**WORK INSTRUCTIONS:**
From the data below, retype exactly the lines starting with the one that contains "#11 person <box>228,210,489,423</box>" and ending with the one that contains "#12 sneakers <box>64,319,101,344</box>", both included.

------ MATERIAL FOR THE TASK ------

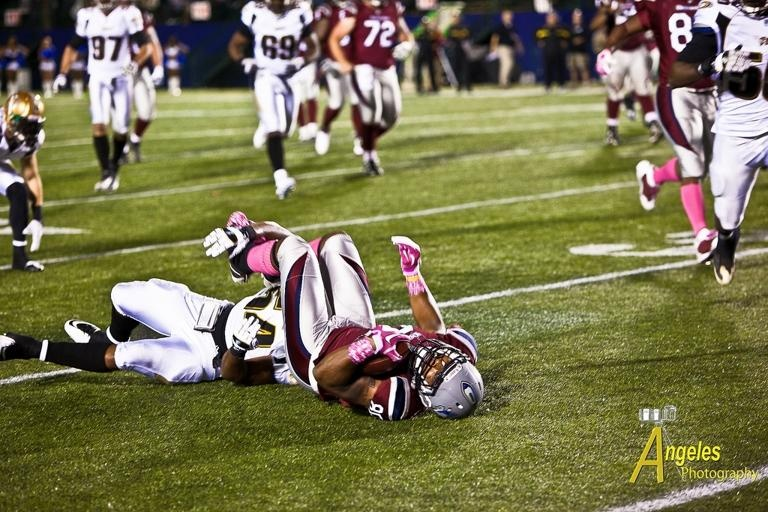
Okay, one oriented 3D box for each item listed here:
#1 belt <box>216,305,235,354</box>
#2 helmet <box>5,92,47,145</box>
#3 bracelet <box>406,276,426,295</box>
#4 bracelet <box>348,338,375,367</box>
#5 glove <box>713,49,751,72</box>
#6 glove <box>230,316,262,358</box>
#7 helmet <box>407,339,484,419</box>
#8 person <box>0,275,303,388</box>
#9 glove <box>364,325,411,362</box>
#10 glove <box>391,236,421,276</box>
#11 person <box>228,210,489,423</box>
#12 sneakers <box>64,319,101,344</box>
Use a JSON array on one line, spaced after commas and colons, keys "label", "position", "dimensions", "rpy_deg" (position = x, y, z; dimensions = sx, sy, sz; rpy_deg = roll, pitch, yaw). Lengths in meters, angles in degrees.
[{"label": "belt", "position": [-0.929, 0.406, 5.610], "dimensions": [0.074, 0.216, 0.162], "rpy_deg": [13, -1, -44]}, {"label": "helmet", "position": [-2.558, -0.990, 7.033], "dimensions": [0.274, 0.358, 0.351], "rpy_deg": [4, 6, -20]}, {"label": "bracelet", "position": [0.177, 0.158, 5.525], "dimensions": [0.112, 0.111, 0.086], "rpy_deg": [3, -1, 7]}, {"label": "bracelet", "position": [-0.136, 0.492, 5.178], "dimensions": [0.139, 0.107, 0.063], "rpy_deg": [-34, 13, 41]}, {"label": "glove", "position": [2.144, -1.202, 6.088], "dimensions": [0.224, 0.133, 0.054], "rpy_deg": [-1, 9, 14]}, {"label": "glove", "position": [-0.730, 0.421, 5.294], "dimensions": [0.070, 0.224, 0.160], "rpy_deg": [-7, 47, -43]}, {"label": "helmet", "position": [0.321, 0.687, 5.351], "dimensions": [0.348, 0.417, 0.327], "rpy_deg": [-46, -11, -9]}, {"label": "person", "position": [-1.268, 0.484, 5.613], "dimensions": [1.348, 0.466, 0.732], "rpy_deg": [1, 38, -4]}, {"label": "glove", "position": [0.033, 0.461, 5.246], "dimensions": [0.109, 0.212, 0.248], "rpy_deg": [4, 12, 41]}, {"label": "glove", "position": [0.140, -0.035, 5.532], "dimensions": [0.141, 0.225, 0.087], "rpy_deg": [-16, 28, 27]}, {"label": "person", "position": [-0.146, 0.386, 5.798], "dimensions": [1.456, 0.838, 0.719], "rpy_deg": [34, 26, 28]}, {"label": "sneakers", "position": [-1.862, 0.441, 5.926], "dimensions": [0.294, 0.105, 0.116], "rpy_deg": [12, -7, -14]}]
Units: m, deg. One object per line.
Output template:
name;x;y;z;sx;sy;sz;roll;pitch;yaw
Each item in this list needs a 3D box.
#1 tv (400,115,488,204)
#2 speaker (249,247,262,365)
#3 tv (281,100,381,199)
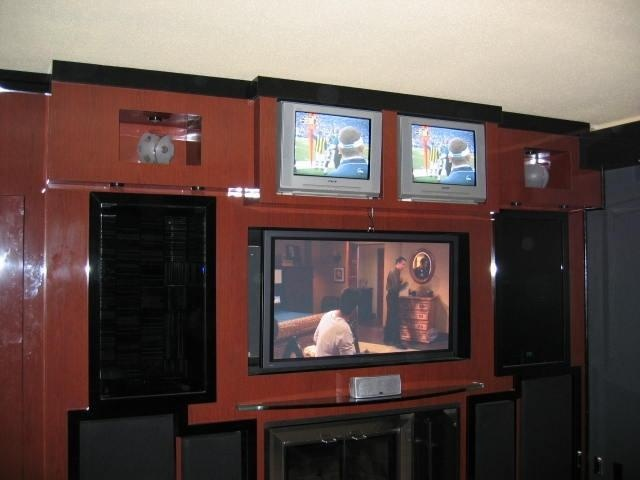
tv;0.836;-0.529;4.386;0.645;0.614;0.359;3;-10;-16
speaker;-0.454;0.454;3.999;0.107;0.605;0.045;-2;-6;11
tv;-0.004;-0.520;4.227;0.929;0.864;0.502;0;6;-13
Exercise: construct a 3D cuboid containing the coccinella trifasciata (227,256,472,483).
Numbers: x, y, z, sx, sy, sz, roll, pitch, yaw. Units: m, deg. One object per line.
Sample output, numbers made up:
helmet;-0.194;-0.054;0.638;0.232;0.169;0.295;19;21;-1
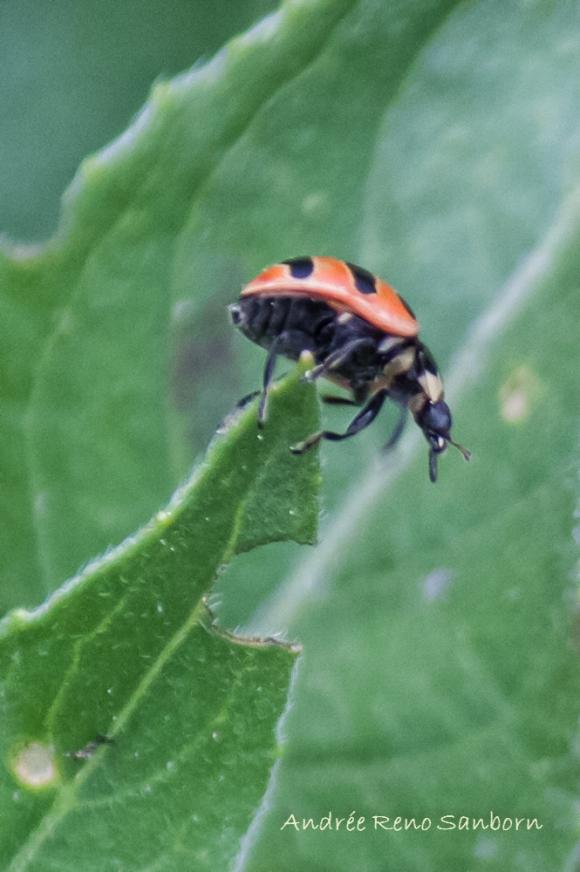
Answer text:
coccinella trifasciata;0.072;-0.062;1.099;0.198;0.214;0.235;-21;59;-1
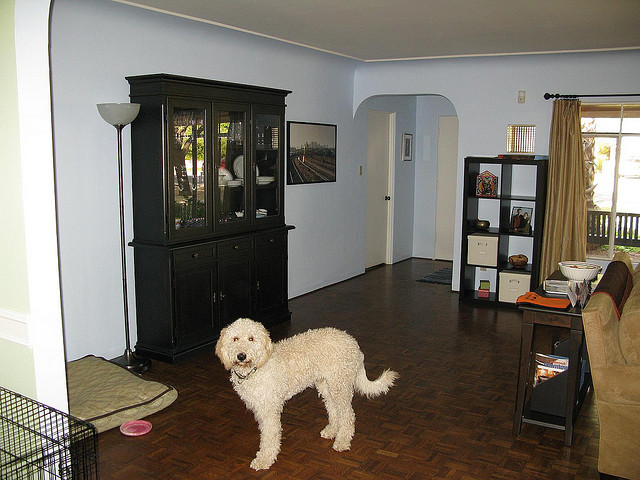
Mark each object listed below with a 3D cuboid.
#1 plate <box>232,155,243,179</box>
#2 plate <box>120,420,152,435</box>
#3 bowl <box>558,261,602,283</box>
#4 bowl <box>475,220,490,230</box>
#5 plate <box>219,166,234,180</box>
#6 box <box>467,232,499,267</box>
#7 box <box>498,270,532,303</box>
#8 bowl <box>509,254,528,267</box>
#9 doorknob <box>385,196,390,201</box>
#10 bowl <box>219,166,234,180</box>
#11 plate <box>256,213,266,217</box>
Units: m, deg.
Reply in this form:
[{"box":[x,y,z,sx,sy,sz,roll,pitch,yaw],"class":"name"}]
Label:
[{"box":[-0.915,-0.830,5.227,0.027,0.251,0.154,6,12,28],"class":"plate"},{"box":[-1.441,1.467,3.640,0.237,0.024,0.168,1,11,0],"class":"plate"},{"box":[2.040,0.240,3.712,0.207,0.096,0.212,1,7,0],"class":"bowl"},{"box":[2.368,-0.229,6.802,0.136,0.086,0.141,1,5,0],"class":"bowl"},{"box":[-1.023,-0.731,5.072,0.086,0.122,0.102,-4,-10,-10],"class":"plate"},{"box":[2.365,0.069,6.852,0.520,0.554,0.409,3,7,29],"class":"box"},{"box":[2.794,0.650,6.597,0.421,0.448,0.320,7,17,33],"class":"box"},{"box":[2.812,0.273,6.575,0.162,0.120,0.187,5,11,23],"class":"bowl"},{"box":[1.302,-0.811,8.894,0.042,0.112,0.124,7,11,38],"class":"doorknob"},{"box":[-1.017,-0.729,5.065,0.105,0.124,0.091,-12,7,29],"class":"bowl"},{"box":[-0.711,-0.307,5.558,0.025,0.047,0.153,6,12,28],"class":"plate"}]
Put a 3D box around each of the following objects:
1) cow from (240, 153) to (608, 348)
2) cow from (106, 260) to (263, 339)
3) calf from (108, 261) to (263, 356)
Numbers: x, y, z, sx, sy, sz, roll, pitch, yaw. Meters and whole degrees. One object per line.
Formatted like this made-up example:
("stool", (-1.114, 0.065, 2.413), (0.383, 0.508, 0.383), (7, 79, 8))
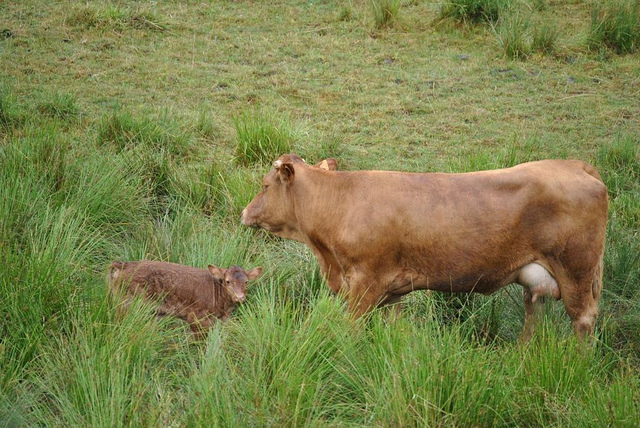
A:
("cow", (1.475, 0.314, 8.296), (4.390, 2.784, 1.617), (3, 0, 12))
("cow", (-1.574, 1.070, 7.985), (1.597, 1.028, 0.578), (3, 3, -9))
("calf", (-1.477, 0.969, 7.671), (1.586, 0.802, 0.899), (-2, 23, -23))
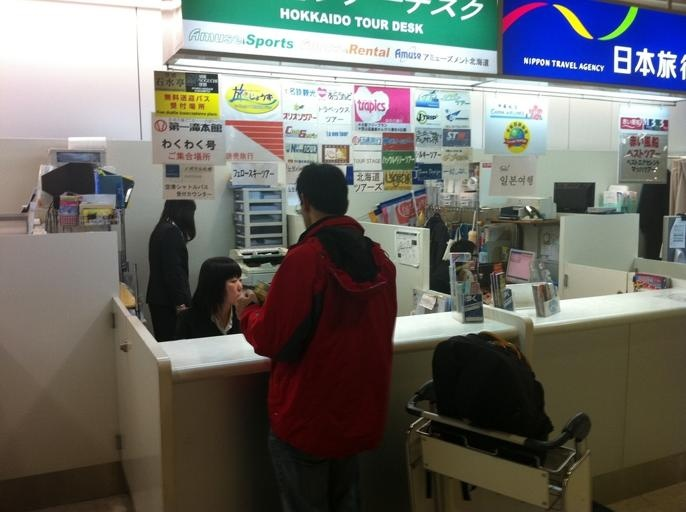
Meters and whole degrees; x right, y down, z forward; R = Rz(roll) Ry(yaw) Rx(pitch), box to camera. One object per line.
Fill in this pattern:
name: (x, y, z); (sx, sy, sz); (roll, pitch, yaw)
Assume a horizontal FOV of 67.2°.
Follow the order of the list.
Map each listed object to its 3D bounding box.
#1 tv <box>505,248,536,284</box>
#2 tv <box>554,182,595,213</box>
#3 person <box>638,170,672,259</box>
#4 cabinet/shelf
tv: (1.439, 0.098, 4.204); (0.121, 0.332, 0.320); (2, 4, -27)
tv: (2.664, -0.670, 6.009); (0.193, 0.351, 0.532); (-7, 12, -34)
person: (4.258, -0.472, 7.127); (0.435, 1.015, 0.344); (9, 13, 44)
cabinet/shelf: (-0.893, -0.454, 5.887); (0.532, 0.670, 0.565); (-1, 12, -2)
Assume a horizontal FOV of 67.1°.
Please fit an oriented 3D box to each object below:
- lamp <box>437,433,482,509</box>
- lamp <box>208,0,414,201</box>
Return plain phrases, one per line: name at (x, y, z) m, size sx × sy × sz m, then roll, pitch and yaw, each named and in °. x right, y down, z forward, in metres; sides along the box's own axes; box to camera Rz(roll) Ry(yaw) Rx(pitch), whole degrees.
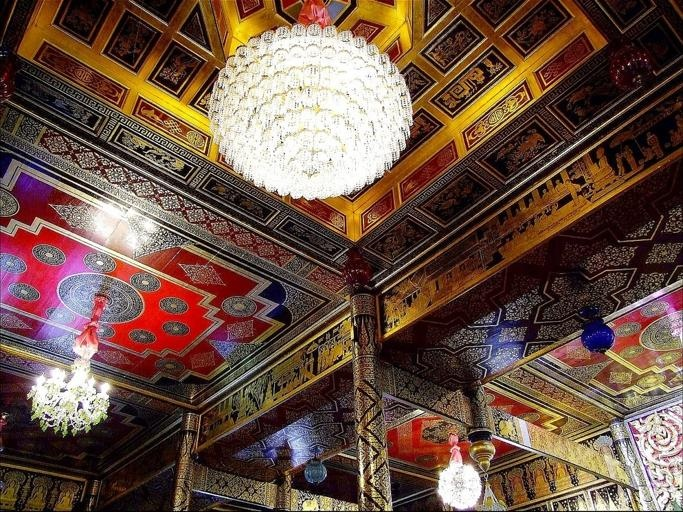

------

**EXERCISE RESPONSE:**
#11 person <box>228,210,489,423</box>
#12 sneakers <box>64,319,101,344</box>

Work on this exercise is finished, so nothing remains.